In GeoSC’s default configuration, sparse_sc_fast_estimation: true calls SparseSC’s fast path, which uses RidgeCV-backed match-space machinery. When the fast path is disabled, SparseSC uses its full fitting path with cross-validation over feature-weight penalties. The practical goal is to reduce overfitting to pre-treatment noise, especially when $T_0$ is small relative to the donor pool, while preserving a donor-based counterfactual that remains auditable.

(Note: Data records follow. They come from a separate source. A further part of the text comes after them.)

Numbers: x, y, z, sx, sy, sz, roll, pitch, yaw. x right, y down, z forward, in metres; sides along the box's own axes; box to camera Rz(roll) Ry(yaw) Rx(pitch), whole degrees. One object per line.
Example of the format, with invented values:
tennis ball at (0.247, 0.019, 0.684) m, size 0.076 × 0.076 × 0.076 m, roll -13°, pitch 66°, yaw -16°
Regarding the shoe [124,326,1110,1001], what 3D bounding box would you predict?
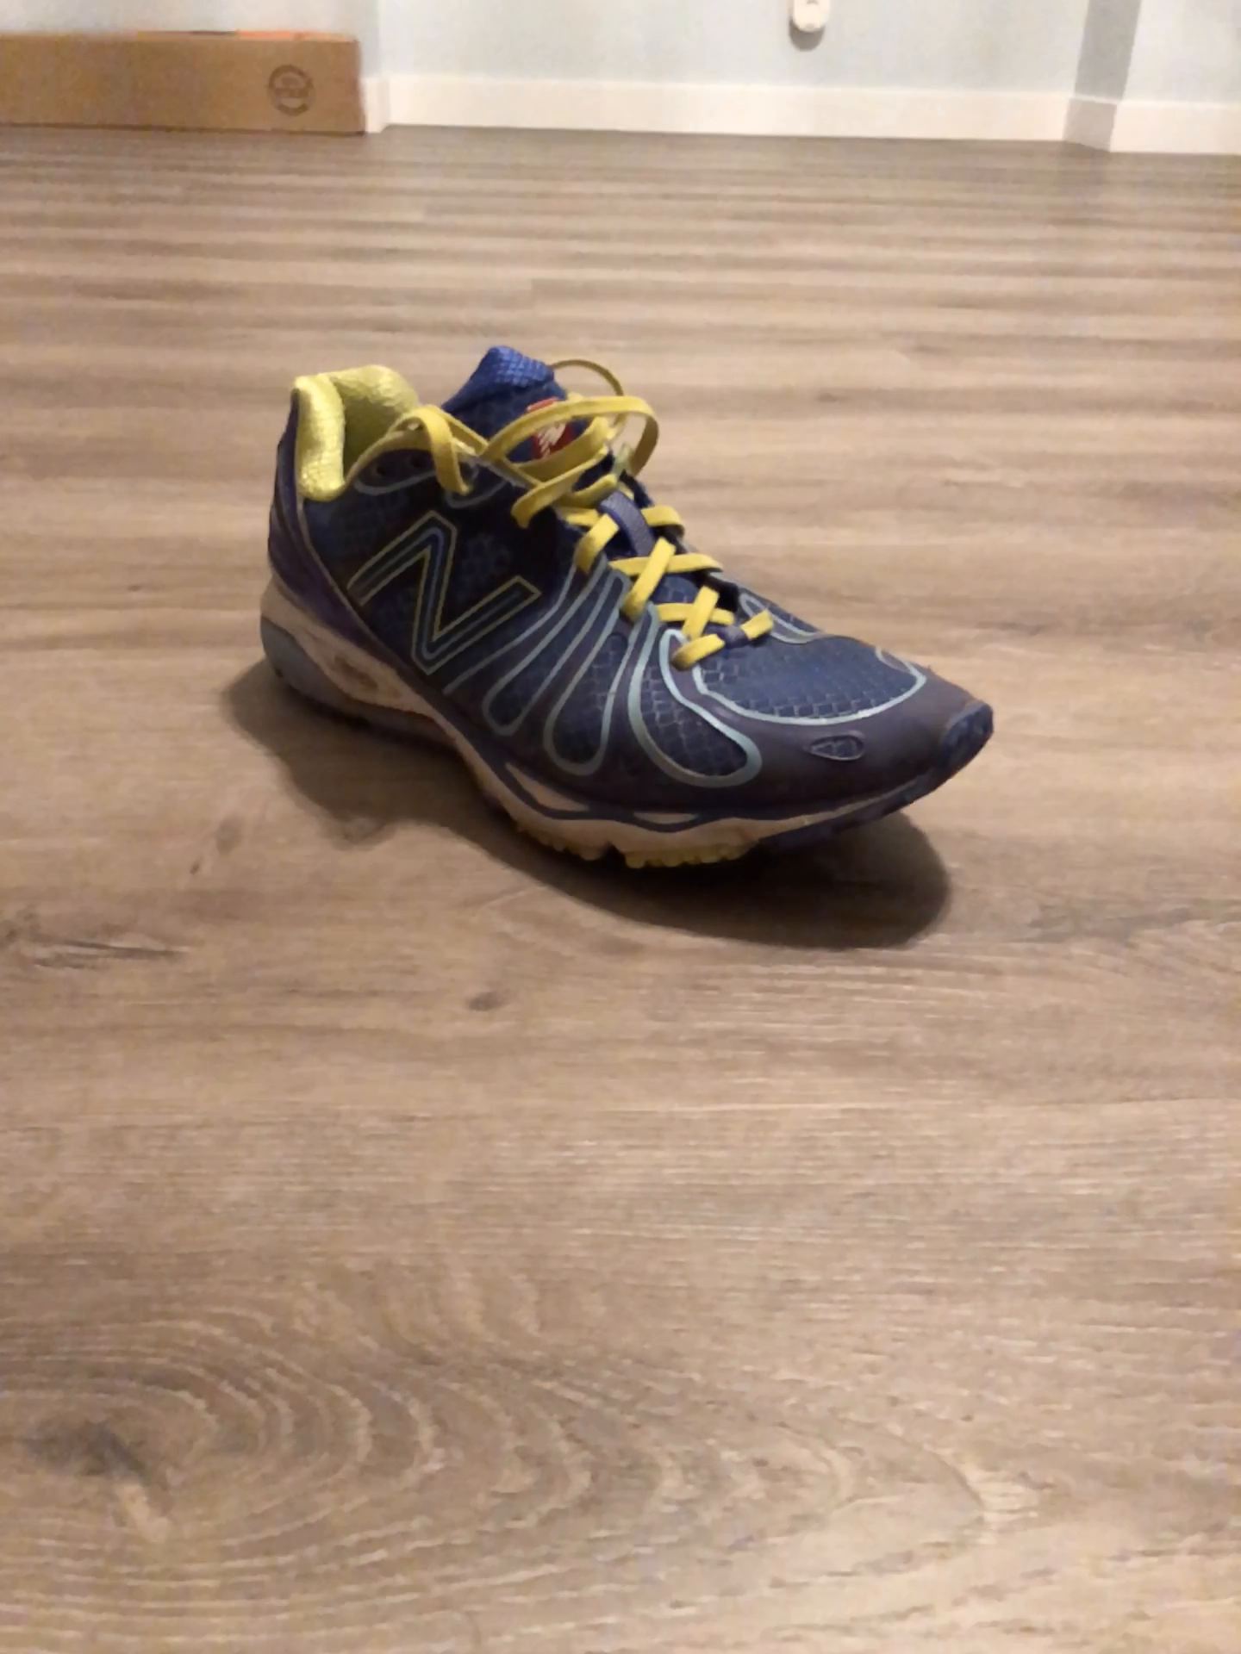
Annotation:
shoe at (-0.013, -0.066, 0.391) m, size 0.250 × 0.099 × 0.110 m, roll 23°, pitch 36°, yaw 33°
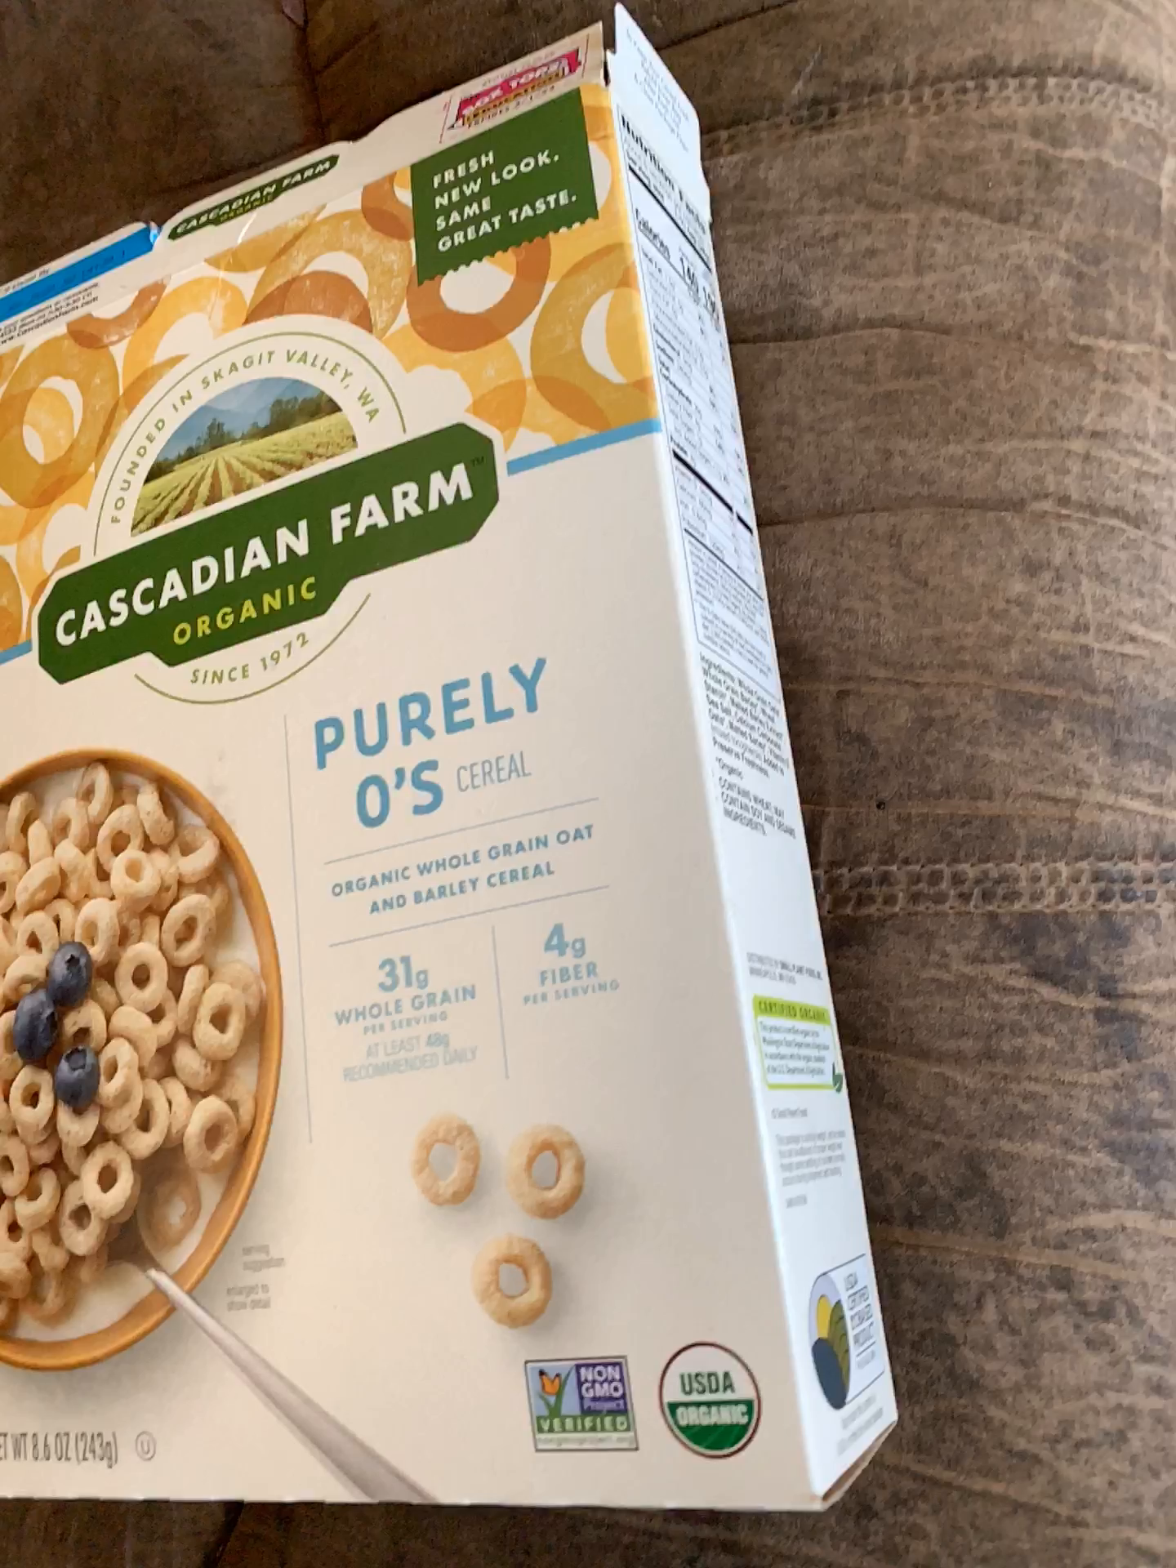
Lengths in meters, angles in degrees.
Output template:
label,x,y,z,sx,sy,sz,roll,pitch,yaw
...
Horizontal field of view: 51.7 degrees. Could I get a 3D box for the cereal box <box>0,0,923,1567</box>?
label,x,y,z,sx,sy,sz,roll,pitch,yaw
cereal box,-0.063,0.000,0.253,0.201,0.070,0.280,-14,68,22

5. Placebo Inference and Empirical P-Values

Because geo-experiments often have $N_1 = 1$ or a small integer, asymptotic inference is usually not appropriate. GeoSC calculates donor-pool empirical p-values using in-space placebo permutations.

We iteratively reassign the treatment status to every donor unit $j \in \{2, \dots, N\}$, calculate a placebo synthetic control $\hat{Y}_{jt}^N$, and derive a placebo effect $\hat{\alpha}_{jt}$.

The ratio of post-treatment MSPE to pre-treatment MSPE is calculated for the actual treated unit and all placebos:

$$ r_i = \frac{\frac{1}{T-T_0} \sum_{t=T_0+1}^T (Y_{it} - \hat{Y}_{it}^N)^2}{\frac{1}{T_0} \sum_{t=1}^{T_0} (Y_{it} - \hat{Y}_{it}^N)^2} $$

The p-value is the finite donor-pool placebo share with a ratio at least as extreme as the treated unit’s ratio:

$$ p = \frac{1}{N} \sum_{j=1}^N \mathbf{I}(r_j \geq r_1) $$

This quantity is only as informative as the placebo reference set. With few eligible donors, the attainable p-values are coarse; with non-comparable donors, spillovers, or poor pre-period fit, the empirical comparison can be misleading.